Could you restate, exactly and with nothing added, the lines from the start of the data through the line that holds "text Проблемы незавершенности (неполноты) [89, 204, 1181, 238]", leaving the pictures out?
(Listed entries begins)
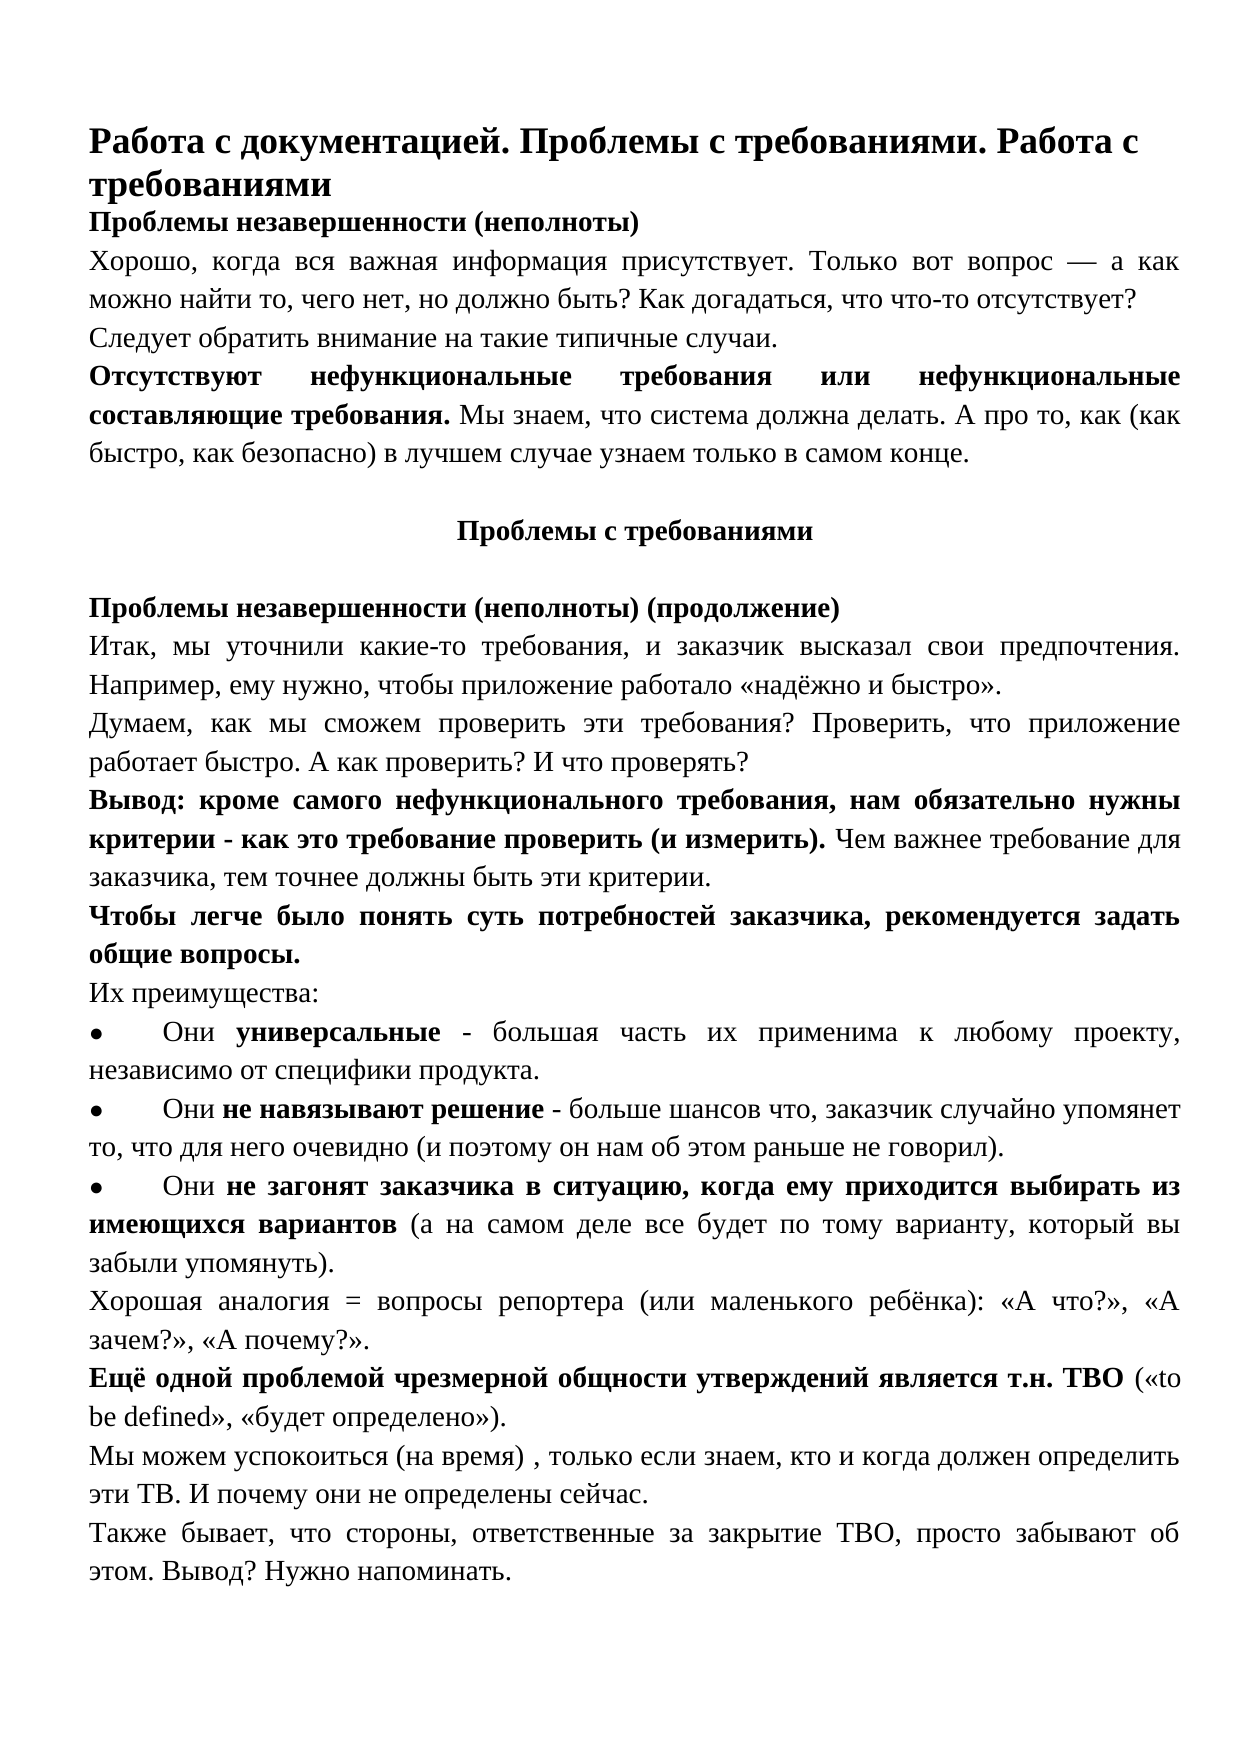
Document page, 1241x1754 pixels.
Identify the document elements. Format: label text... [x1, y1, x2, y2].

text Вывод: кроме самого нефункционального требования, нам обязательно нужны критерии - как это требование проверить (и измерить). Чем важнее требование для заказчика, тем точнее должны быть эти критерии. [89, 782, 1181, 893]
text Отсутствуют нефункциональные требования или нефункциональные составляющие требования. Мы знаем, что система должна делать. А про то, как (как быстро, как безопасно) в лучшем случае узнаем только в самом конце. [89, 358, 1181, 469]
list Они не загонят заказчика в ситуацию, когда ему приходится выбирать из имеющихся вариантов (а на самом деле все будет по тому варианту, который вы забыли упомянуть). [89, 1168, 1181, 1278]
text Чтобы легче было понять суть потребностей заказчика, рекомендуется задать общие вопросы. [89, 898, 1181, 970]
list Они не навязывают решение - больше шансов что, заказчик случайно упомянет то, что для него очевидно (и поэтому он нам об этом раньше не говорил). [89, 1091, 1181, 1163]
text Работа с документацией. Проблемы с требованиями. Работа с требованиями [89, 118, 1181, 204]
text Хорошо, когда вся важная информация присутствует. Только вот вопрос — а как можно найти то, чего нет, но должно быть? Как догадаться, что что-то отсутствует? [89, 243, 1181, 315]
text Ещё одной проблемой чрезмерной общности утверждений является т.н. ТВО («to be defined», «будет определено»). [89, 1361, 1181, 1433]
text Следует обратить внимание на такие типичные случаи. [89, 320, 1181, 353]
text Также бывает, что стороны, ответственные за закрытие ТВО, просто забывают об этом. Вывод? Нужно напоминать. [89, 1515, 1181, 1587]
text Проблемы с требованиями [89, 513, 1181, 546]
text Проблемы незавершенности (неполноты) [89, 204, 1181, 238]
list Они универсальные - большая часть их применима к любому проекту, независимо от специфики продукта. [89, 1014, 1181, 1086]
text Итак, мы уточнили какие-то требования, и заказчик высказал свои предпочтения. Например, ему нужно, чтобы приложение работало «надёжно и быстро». [89, 628, 1181, 700]
text Думаем, как мы сможем проверить эти требования? Проверить, что приложение работает быстро. А как проверить? И что проверять? [89, 705, 1181, 777]
text Проблемы незавершенности (неполноты) (продолжение) [89, 590, 1181, 623]
text Их преимущества: [89, 975, 1181, 1009]
text Хорошая аналогия = вопросы репортера (или маленького ребёнка): «А что?», «А зачем?», «А почему?». [89, 1283, 1181, 1356]
text Мы можем успокоиться (на время) ‚ только если знаем, кто и когда должен определить эти ТВ. И почему они не определены сейчас. [89, 1438, 1181, 1510]
(Listed entries ends)
#### Task solution:
Document page, 1241x1754 pixels.
Identify the document elements. Format: label text... [x1, y1, x2, y2].

text Вывод: кроме самого нефункционального требования, нам обязательно нужны критерии - как это требование проверить (и измерить). Чем важнее требование для заказчика, тем точнее должны быть эти критерии. [89, 782, 1181, 893]
text Отсутствуют нефункциональные требования или нефункциональные составляющие требования. Мы знаем, что система должна делать. А про то, как (как быстро, как безопасно) в лучшем случае узнаем только в самом конце. [89, 358, 1181, 469]
list Они не загонят заказчика в ситуацию, когда ему приходится выбирать из имеющихся вариантов (а на самом деле все будет по тому варианту, который вы забыли упомянуть). [89, 1168, 1181, 1278]
text Чтобы легче было понять суть потребностей заказчика, рекомендуется задать общие вопросы. [89, 898, 1181, 970]
list Они не навязывают решение - больше шансов что, заказчик случайно упомянет то, что для него очевидно (и поэтому он нам об этом раньше не говорил). [89, 1091, 1181, 1163]
text Работа с документацией. Проблемы с требованиями. Работа с требованиями [89, 118, 1181, 204]
text Хорошо, когда вся важная информация присутствует. Только вот вопрос — а как можно найти то, чего нет, но должно быть? Как догадаться, что что-то отсутствует? [89, 243, 1181, 315]
text Ещё одной проблемой чрезмерной общности утверждений является т.н. ТВО («to be defined», «будет определено»). [89, 1361, 1181, 1433]
text Следует обратить внимание на такие типичные случаи. [89, 320, 1181, 353]
text Также бывает, что стороны, ответственные за закрытие ТВО, просто забывают об этом. Вывод? Нужно напоминать. [89, 1515, 1181, 1587]
text Проблемы с требованиями [89, 513, 1181, 546]
text Проблемы незавершенности (неполноты) [89, 204, 1181, 238]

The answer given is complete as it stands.